## To do
Quote all entries exactly, leaving pictures aside.

(Entries taken from a collection)
Start of Block

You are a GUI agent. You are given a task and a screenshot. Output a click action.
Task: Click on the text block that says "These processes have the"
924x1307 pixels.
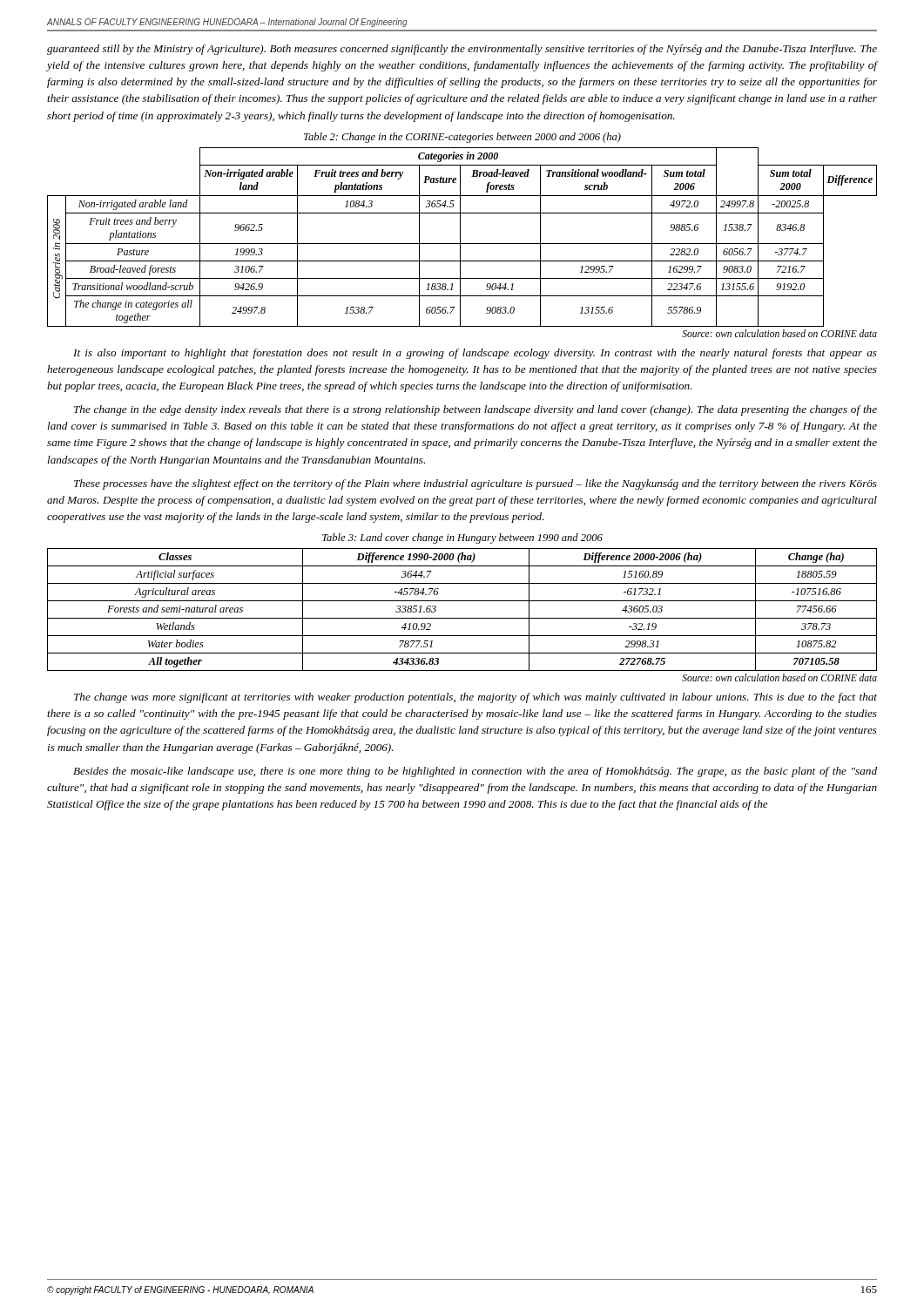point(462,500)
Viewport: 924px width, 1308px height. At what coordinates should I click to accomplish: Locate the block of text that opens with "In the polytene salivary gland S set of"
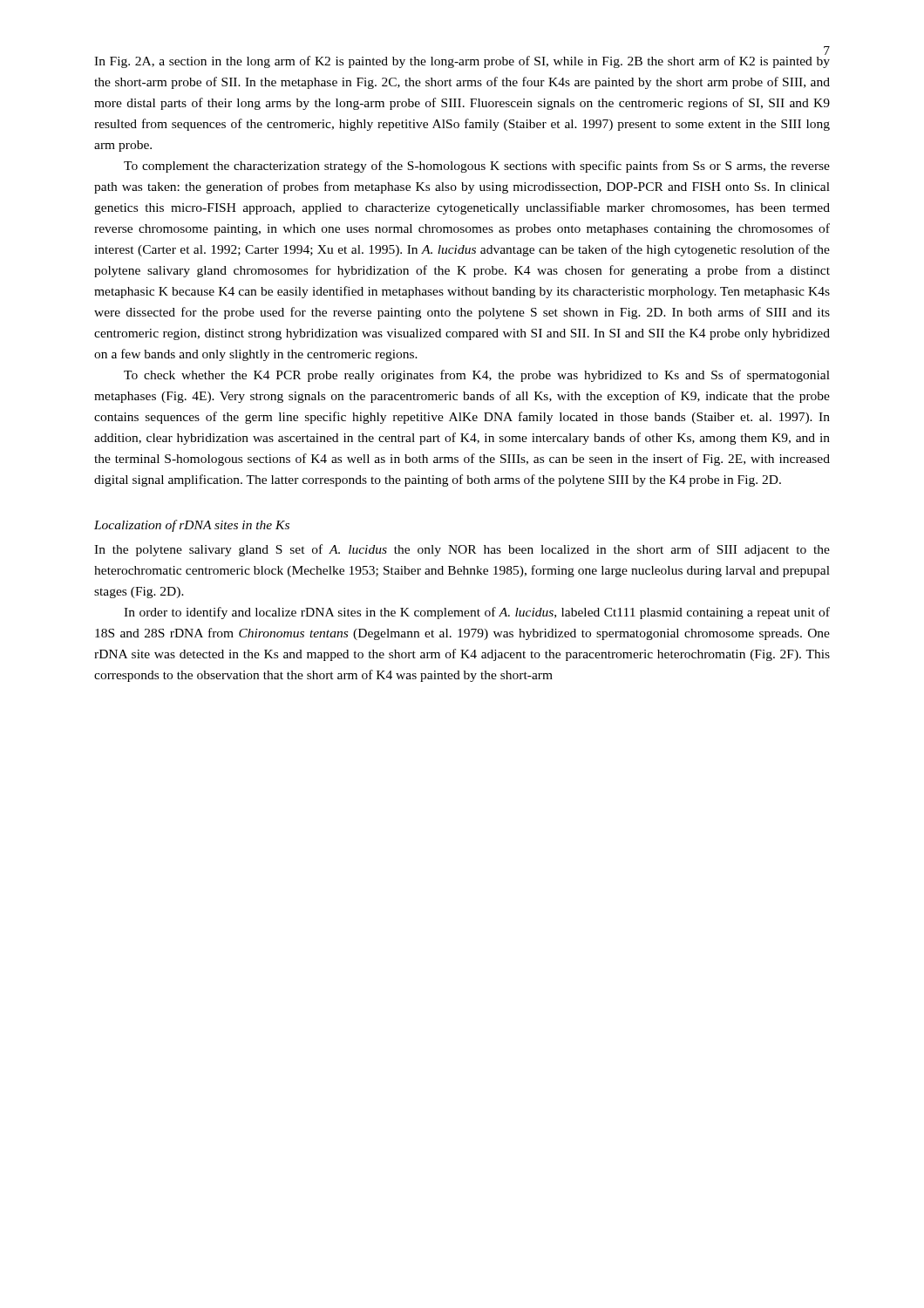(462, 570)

End of Block

## Exercise solution
You are a GUI agent. You are given a task and a screenshot. Output a click action.
Task: Click on the text block that says "These processes have the"
924x1307 pixels.
point(462,500)
Viewport: 924px width, 1308px height. At what coordinates should I click to accomplish: Locate the block of text that opens with "In the polytene salivary gland S set of"
(462, 570)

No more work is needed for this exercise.